> _YOUR TASK_: Where the records hold the string "angles", show the whole line it sits on.

Data items:
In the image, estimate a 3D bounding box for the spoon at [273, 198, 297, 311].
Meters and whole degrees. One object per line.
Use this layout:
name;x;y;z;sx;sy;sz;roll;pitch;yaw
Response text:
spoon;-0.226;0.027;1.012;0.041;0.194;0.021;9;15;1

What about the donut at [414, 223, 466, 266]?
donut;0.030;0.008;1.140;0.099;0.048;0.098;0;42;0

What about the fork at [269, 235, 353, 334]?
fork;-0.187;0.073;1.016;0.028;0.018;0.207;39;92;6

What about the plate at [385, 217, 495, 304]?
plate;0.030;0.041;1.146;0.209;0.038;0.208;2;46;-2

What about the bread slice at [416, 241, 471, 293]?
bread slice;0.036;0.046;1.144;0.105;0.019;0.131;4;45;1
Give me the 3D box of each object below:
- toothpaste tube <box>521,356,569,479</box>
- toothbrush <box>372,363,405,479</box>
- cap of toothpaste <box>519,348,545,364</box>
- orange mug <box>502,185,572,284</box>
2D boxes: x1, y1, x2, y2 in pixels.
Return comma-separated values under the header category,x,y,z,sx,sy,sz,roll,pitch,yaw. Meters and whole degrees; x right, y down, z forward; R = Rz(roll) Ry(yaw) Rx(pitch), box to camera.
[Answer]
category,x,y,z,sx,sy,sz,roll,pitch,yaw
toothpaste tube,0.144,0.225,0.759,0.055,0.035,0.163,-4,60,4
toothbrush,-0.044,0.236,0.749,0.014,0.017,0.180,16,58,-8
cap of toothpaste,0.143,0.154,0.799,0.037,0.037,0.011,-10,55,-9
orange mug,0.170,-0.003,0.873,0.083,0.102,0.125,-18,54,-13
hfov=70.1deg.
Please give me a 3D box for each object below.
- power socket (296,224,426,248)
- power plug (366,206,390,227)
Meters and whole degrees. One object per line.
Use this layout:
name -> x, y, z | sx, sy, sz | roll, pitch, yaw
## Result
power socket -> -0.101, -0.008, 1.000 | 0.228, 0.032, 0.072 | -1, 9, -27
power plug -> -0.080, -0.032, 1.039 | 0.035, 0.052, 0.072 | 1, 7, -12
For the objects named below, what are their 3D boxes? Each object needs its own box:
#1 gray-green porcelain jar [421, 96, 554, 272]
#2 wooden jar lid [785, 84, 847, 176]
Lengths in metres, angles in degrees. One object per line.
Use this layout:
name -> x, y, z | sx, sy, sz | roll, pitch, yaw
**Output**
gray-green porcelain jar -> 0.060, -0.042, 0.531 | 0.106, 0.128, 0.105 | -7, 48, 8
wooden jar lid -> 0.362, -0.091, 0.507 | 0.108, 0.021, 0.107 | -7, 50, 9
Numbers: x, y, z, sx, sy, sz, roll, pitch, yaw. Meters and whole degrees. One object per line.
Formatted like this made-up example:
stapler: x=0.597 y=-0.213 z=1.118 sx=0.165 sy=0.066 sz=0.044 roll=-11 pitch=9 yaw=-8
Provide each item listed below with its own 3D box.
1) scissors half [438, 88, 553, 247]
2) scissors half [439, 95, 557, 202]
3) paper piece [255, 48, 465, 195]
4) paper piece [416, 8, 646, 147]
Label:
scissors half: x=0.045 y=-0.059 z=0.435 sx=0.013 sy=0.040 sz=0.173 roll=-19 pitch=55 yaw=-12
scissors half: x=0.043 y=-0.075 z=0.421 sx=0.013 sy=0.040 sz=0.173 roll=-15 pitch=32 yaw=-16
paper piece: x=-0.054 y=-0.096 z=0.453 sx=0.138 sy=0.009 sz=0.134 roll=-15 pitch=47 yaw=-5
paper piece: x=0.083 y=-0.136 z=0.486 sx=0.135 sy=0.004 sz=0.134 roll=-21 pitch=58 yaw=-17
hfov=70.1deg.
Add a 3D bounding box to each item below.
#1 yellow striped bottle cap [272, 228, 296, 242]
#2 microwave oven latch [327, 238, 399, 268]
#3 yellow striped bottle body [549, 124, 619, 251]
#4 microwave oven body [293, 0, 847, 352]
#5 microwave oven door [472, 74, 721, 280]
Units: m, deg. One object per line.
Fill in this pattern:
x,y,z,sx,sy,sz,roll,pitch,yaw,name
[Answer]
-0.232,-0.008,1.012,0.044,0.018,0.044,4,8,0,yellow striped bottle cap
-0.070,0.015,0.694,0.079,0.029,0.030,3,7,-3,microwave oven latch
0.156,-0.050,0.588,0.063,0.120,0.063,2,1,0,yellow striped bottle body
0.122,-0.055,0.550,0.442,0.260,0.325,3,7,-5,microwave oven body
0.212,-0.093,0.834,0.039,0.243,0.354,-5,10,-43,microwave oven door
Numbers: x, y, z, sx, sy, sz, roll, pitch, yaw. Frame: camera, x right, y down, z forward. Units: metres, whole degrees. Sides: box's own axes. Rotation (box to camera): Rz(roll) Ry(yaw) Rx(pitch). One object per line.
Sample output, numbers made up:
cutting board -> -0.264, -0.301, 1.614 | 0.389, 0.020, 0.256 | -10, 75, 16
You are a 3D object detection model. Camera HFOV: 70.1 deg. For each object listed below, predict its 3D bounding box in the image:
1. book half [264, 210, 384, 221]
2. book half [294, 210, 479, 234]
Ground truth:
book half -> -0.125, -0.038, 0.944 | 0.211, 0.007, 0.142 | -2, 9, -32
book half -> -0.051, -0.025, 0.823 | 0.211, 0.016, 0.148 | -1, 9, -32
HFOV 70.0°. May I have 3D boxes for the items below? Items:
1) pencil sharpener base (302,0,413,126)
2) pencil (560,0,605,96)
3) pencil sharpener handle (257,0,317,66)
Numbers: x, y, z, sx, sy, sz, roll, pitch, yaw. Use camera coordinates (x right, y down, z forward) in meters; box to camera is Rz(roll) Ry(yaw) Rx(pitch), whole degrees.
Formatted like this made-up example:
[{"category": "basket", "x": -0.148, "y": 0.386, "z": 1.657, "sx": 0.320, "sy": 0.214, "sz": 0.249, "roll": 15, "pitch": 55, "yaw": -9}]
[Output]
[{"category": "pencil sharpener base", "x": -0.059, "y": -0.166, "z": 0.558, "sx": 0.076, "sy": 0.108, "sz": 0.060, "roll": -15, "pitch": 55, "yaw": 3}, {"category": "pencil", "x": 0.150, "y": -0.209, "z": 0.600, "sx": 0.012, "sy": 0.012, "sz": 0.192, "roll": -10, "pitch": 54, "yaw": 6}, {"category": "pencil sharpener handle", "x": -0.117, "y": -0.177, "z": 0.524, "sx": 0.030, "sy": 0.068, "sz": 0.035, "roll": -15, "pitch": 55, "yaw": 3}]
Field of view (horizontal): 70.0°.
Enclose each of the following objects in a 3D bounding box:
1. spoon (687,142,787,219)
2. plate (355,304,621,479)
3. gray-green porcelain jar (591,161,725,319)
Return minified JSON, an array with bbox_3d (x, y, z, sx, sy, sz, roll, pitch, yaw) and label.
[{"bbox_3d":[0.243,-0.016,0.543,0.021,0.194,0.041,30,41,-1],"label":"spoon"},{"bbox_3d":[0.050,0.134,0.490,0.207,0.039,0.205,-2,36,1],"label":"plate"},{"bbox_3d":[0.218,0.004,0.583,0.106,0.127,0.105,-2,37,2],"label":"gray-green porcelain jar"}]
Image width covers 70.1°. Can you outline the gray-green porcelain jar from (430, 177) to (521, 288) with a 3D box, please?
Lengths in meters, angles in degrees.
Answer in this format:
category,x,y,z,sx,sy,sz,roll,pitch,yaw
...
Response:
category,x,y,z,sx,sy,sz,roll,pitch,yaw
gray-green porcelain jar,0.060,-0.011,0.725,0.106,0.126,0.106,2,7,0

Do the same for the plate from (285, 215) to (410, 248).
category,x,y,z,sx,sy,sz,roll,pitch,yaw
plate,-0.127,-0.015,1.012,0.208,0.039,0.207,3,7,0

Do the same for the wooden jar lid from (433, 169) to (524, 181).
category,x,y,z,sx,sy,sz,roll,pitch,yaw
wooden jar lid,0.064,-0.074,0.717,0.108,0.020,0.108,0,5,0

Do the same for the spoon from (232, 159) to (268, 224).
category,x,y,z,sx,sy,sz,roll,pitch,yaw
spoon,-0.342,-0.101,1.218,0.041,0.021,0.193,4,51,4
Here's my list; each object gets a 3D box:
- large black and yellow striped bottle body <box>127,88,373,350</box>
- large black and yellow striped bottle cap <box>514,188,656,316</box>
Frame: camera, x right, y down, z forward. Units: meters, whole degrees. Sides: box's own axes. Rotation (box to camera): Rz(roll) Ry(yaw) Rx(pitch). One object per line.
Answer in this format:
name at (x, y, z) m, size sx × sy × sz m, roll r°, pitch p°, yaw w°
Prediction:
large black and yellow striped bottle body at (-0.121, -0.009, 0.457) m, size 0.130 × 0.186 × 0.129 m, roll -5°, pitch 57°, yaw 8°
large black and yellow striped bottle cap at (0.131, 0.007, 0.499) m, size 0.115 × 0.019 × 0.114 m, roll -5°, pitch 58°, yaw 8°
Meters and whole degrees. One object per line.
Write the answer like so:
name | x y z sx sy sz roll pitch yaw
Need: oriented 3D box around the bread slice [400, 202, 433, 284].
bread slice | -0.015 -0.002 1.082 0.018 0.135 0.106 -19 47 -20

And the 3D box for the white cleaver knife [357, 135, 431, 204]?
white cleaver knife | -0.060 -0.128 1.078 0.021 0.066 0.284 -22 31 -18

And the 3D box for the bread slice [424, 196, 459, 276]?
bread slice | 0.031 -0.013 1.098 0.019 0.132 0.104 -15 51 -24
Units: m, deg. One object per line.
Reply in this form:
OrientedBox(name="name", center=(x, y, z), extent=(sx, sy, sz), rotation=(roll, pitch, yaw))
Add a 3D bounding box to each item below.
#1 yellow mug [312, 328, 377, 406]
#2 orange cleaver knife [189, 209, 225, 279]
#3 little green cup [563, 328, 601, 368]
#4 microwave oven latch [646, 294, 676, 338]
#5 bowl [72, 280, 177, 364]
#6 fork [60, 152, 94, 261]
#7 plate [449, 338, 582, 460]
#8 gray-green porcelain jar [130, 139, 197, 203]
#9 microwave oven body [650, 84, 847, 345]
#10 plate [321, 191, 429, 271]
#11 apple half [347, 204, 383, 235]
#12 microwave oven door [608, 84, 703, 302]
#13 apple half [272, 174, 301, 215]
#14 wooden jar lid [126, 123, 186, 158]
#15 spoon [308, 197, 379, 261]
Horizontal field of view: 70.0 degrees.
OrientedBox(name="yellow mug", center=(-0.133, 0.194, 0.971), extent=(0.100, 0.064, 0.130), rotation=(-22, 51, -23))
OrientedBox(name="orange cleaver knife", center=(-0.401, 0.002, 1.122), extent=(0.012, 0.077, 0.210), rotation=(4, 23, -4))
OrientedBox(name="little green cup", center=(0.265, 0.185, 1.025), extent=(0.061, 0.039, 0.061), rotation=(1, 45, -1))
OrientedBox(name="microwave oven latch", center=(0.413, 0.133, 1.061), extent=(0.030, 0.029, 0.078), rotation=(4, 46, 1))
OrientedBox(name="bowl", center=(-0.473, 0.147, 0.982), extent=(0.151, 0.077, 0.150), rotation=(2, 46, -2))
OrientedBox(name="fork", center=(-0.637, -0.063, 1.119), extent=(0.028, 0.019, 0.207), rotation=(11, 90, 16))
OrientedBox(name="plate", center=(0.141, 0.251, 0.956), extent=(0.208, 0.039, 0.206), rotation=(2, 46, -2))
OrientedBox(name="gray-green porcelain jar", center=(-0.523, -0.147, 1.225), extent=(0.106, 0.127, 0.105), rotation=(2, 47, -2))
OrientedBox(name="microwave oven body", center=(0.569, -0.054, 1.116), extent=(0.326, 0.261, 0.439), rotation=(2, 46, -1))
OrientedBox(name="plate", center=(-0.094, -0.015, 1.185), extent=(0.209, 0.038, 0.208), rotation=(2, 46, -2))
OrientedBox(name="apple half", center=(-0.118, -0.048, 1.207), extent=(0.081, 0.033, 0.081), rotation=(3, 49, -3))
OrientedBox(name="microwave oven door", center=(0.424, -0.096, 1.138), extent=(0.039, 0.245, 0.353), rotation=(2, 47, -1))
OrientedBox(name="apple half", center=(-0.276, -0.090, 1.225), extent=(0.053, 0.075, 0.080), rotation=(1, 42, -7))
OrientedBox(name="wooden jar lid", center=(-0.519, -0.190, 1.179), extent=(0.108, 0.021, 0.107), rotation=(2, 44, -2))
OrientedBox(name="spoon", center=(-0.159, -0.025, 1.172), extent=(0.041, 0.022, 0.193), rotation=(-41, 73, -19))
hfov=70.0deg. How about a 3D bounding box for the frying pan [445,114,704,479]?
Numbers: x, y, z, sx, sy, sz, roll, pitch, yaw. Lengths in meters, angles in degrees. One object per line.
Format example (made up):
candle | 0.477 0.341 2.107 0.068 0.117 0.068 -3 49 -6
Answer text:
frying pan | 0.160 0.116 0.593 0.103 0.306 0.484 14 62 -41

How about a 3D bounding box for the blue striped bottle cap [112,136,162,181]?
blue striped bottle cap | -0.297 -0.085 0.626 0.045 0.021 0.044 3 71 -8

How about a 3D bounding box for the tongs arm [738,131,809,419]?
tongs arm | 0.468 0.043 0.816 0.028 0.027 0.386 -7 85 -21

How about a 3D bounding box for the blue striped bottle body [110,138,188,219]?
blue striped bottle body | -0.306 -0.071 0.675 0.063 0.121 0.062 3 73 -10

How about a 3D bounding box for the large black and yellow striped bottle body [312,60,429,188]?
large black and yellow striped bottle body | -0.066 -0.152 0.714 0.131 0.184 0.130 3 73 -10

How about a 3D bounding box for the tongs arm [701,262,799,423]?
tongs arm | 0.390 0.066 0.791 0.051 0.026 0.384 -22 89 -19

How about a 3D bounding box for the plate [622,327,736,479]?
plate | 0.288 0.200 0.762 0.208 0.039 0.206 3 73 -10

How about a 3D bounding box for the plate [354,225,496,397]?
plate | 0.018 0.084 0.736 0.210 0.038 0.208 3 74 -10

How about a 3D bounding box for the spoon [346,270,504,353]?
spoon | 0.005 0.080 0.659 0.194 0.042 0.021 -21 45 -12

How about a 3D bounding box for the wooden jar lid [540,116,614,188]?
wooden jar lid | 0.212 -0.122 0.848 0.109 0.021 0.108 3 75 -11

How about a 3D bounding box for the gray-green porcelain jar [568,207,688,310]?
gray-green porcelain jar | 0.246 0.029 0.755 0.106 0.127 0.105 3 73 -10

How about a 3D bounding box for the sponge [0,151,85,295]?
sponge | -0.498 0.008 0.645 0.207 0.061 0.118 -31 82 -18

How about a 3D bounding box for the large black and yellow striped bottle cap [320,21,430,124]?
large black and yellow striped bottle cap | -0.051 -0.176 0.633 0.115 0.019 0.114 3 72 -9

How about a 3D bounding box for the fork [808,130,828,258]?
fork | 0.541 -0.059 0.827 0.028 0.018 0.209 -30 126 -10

> _RESULT OF THE EXERCISE_:
Lengths in metres, angles in degrees. One object per line.
Lengths in meters, angles in degrees.
Numbers: x, y, z, sx, sy, sz, roll, pitch, yaw. Lengths in meters, angles in degrees. One object per line.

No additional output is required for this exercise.